Just because we're happy doesn't mean our kids will always be happy but working on our happiness in our marriage creates a foundation that is stable and makes life's challenges much easier to face.  It also boosts our self confidence.  We feel better about ourselves and our capabilities as husband and wife and as parents.   We do better on our own knowing that we are working together towards common goals than we do worrying about the little things that can easily consume us.

The questions we ask ourselves can be brutal ladies!  Am I too fat/too thin?  Am I smart enough/stupid?  Does my spouse still love me?  Am I being a good parent?  Am I doing enough for the community/neighbors?  Maybe I'm not worth liking/spending time with.  Then you start answering the questions with answers like, no one really likes me I'm not worth it.  Everyone's staring at me judging me because I don't look like them.  My spouse should find someone better than me they deserve it.  My kids deserve better than I can offer.  Believe me when I say this: You are just fine!  Everyone has flaws that everyone needs to work on and it's a personal thing.  It's extremely hard to overcome those flaws if you don't first find a way to love you.  Your relationship with yourself if it's a good one will branch out to others and create good solid ground to build new relationships.

I am so grateful that I got the chance to spend that 'quality' time with my husband this weekend.  It was nice to feel joy and peace and not be bombarded by such a demanding schedule.  With this confidence boost I look forward to my exercise and feel a wonderful determination to keep going.  I know we'll still have ups and downs life is like a crazy roller coaster you never know where the twists and turns will be but I have to say at the moment it's a lot easier to take.


Sunday, April 19, 2015

Profound Spiritual Realizations

It's one thing to know the scriptures, to be able to recite them at a moments notice relevant to the conversation or to have a basic understanding of their truths and meanings.  Through the power of the Holy Ghost we can receive personal witness and revelation pertaining to these truths and when He manifests a true understanding of these things they become burned in our hearts and souls never to be separated from us unless we excuse them.  I have had two seemingly simple ideas, theories, principles take on a much deeper meaning.  For some reason I feel compelled to share them.

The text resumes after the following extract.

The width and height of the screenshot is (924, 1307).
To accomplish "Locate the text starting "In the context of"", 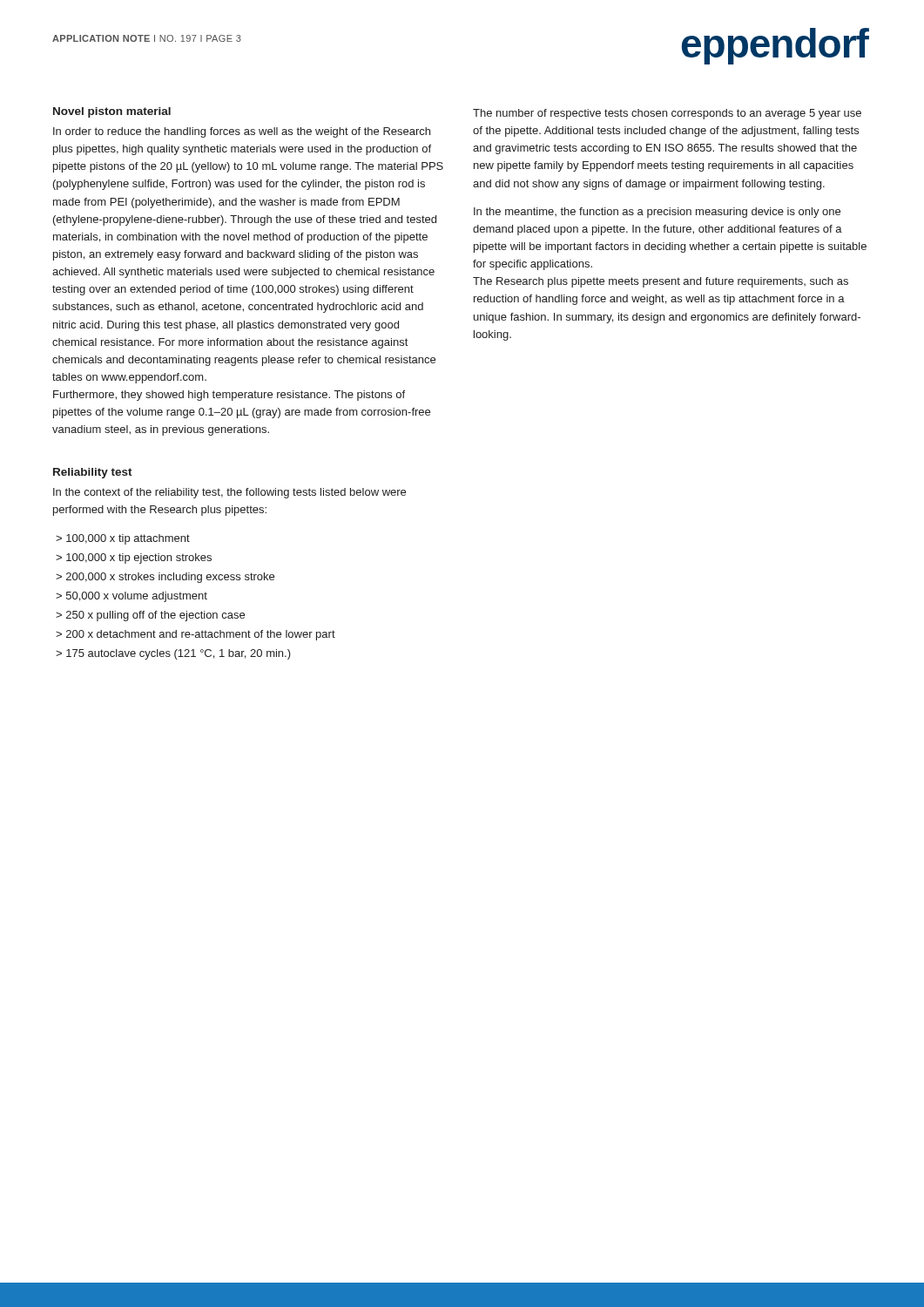I will [x=229, y=500].
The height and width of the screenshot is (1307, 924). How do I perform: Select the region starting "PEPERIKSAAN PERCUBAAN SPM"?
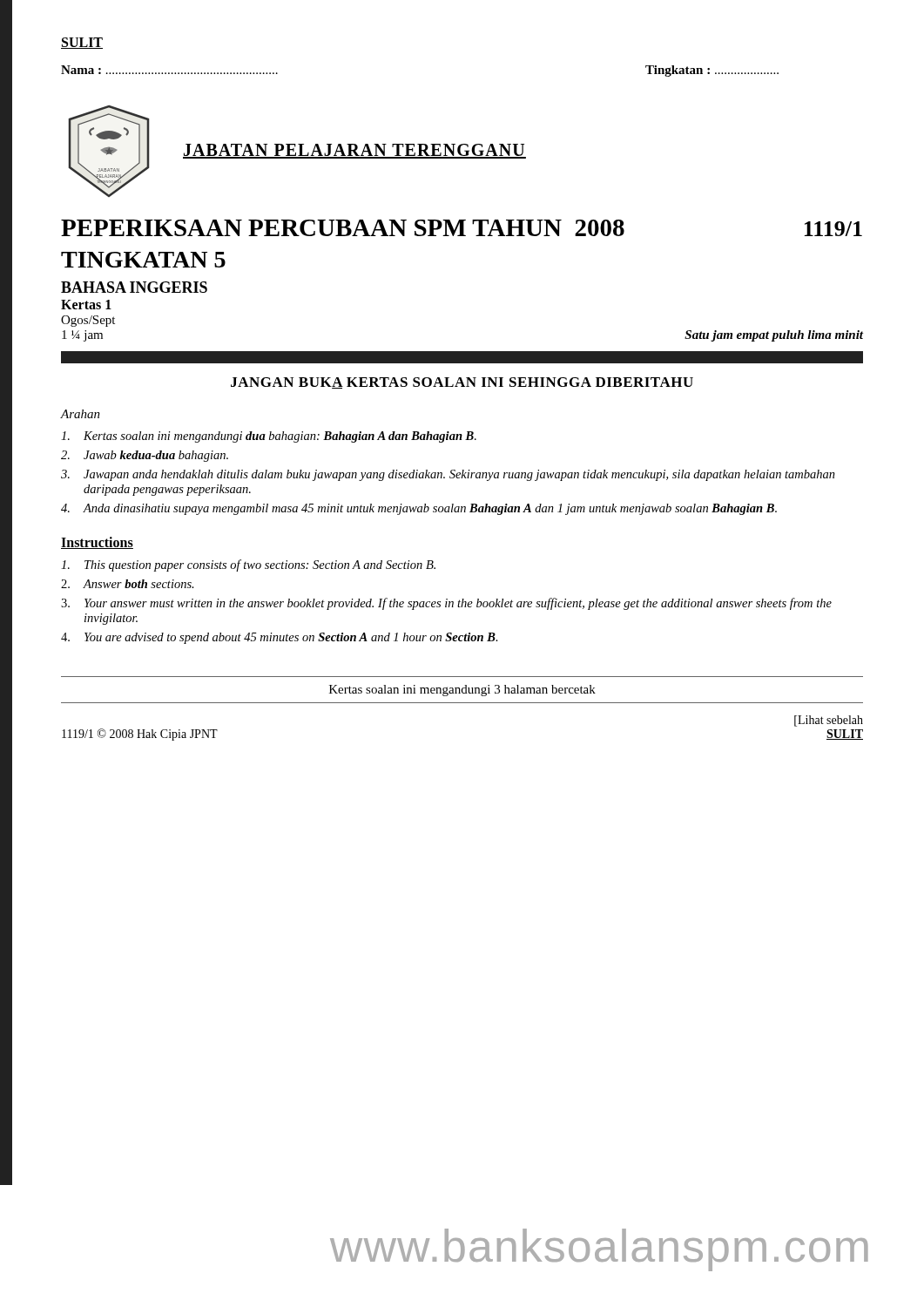coord(343,227)

Bear with me as explaining something that you comprehend in such a profound way is very hard to describe in words but I'll try.  The story of the prodigal son where his son wants his inheritance now and takes off despite his father asking him to stay but as a good father would accepting his son has made his choice and giving it to him.  The son then basically wastes it on parties and such when he has absolutely nothing left to his name sheepishly returns to his father's house expecting to be put in his place and hear I told you so.  But that's not what he received.  He received hugs and kisses and a feast and a party for his return home.  His father rejoiced in his return with such joy and thankfulness.  Similar to Christ speaking of the 100 sheep and one that was lost.  How much He rejoices in the return when the one is found.  The 99 sheep He didn't have to worry about quite as much they already had a testimony of Him, His existence and His teachings and they chose to follow Him.  But that one that wanders off do to unbelief, was deceived and seduced by the glamour and riches of the world or maybe endured some experience or trauma that made them think that God can't exist if there is struggle is the one He worries about the most.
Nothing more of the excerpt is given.